Stace was an “establishment” figure, Tice claimed. “I’m afraid some of these industry lobby groups are part of the establishment and are simply wrong. What is most important to make British steel is not the tariffs, it’s the cost of business rates, it’s the cost of energy and it’s the emissions trading scheme.”
UK Steel has previously called on the government to tackle industrial electricity prices, which are twice those in France, as well as a reduction in UK business rates. According to Stace, these are “five to 10 times higher than elsewhere in the EU, perversely increasing costs for those that modernise and upgrade”.
Tice was accompanied in Scunthorpe by Simon Boyd, the managing director of Reidsteel, a structural steel company based in Dorset. He said EU regulations meant it was “easier for us to export to Mongolia than France”, drawing tuts of disapproval from the carefully vetted audience, who had each paid £2.50 to attend the press conference.
Boyd, who campaigned against the working time directive, said EU competition rules meant his firm lost a contract in Rotherham to a Portuguese firm, who benefited from significantly lower energy costs in Portugal and then came to Yorkshire and employed eastern European labourers.

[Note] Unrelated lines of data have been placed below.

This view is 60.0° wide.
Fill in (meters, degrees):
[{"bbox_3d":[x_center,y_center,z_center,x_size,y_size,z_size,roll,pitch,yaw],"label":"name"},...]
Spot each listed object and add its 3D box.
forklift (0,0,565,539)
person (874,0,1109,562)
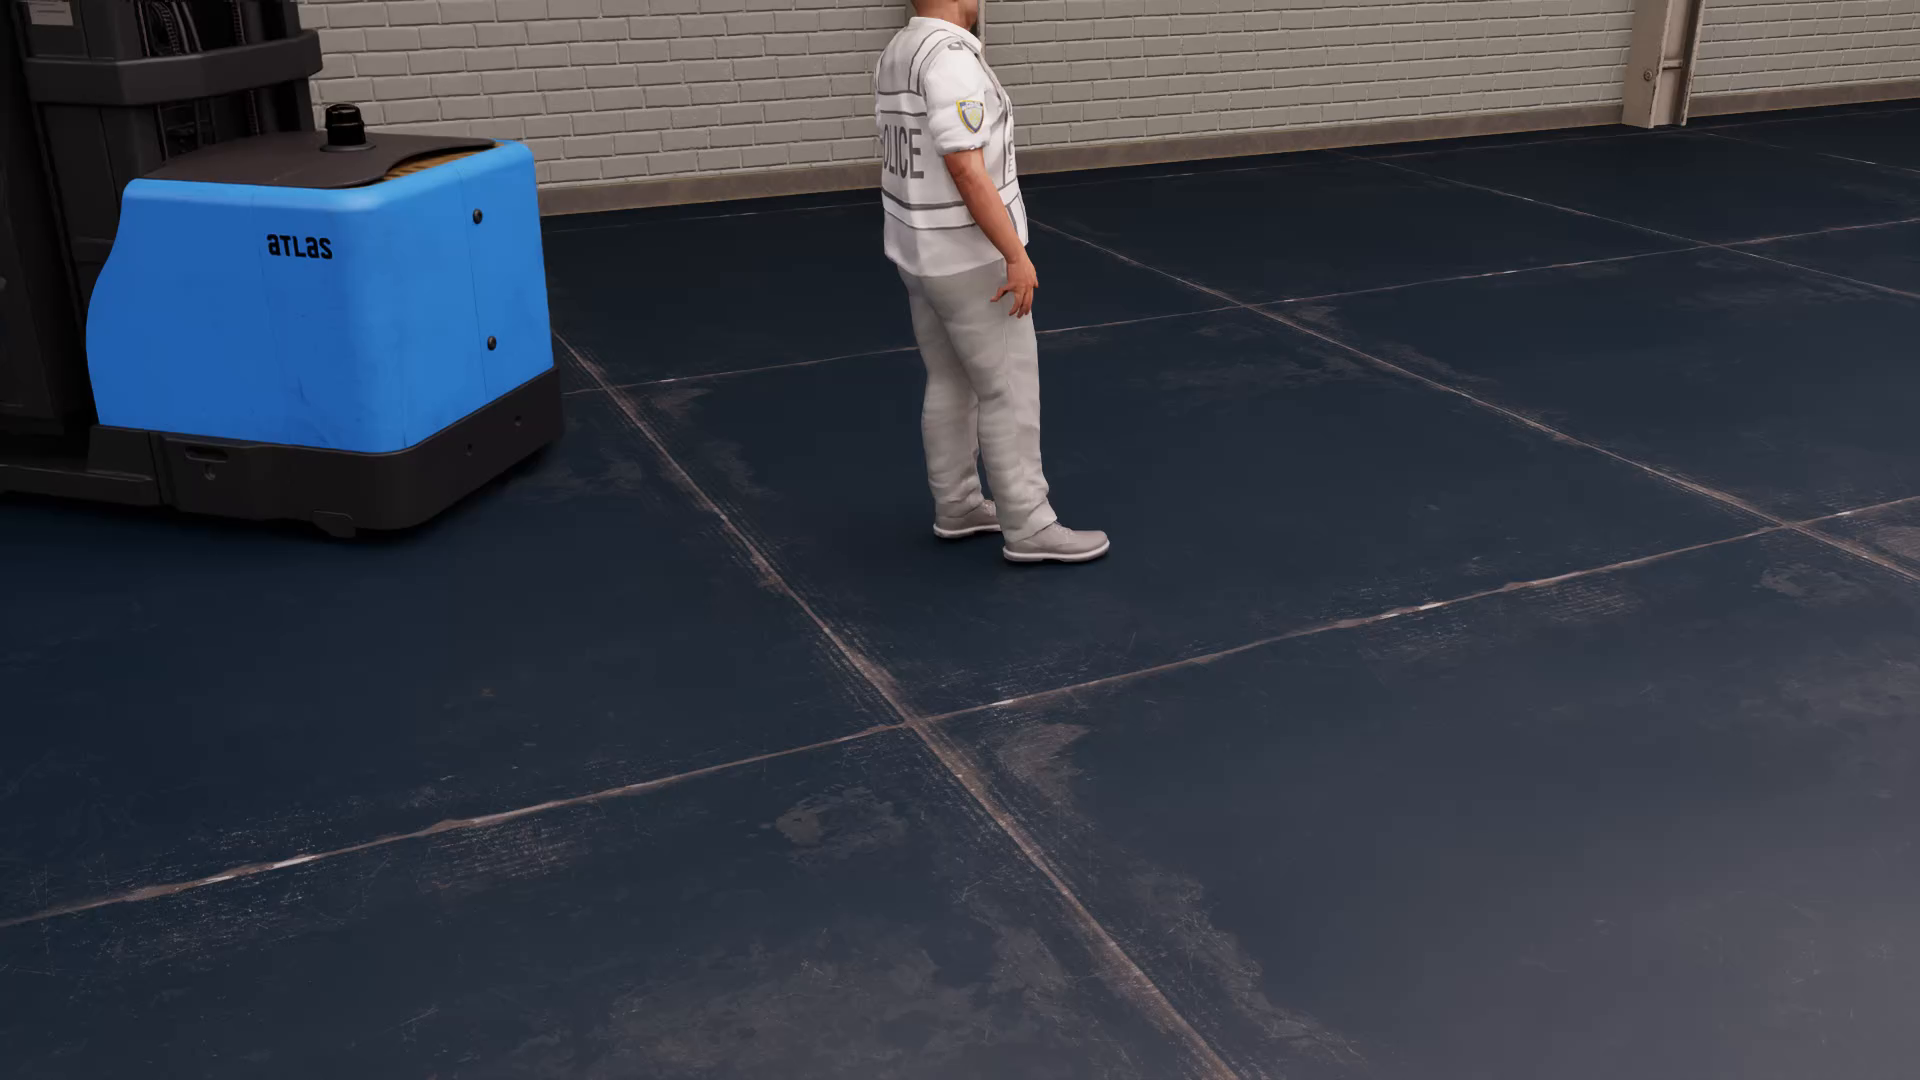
[{"bbox_3d":[-2.963,-1.660,5.281,3.031,2.935,1.130,6,23,15],"label":"forklift"},{"bbox_3d":[0.075,-0.838,4.782,0.575,1.781,0.640,-10,25,-23],"label":"person"}]

Not everyone was convinced by the Brexit party’s proposal. Among those in the audience was Jim Crossman, a former chief engineer of British Steel, who went on to be chief executive of Caparo Merchant Bar (now Liberty Steel Scunthorpe), which makes steel bars.
“I’m a Brexit supporter but I am unsure they can bring this off,” he said. “The big worry I have is that while Rome is burning and the industry is reducing, the skills in the industry will leave because they are unsure if British Steel will survive … I don’t personally think there will be a private buyer who will buy the whole unit, including the blast furnaces, which need a lot of capital investment. They might strip out the better assets.”
The Brexit party polled 47% of the European parliamentary vote in North Lincolnshire, with Labour second (12.5%) and the Conservatives third (11.5%). It is contesting Thursday’s byelection in Peterborough and is beginning to develop a policy platform to fight a general election, should one be called before the UK leaves the EU.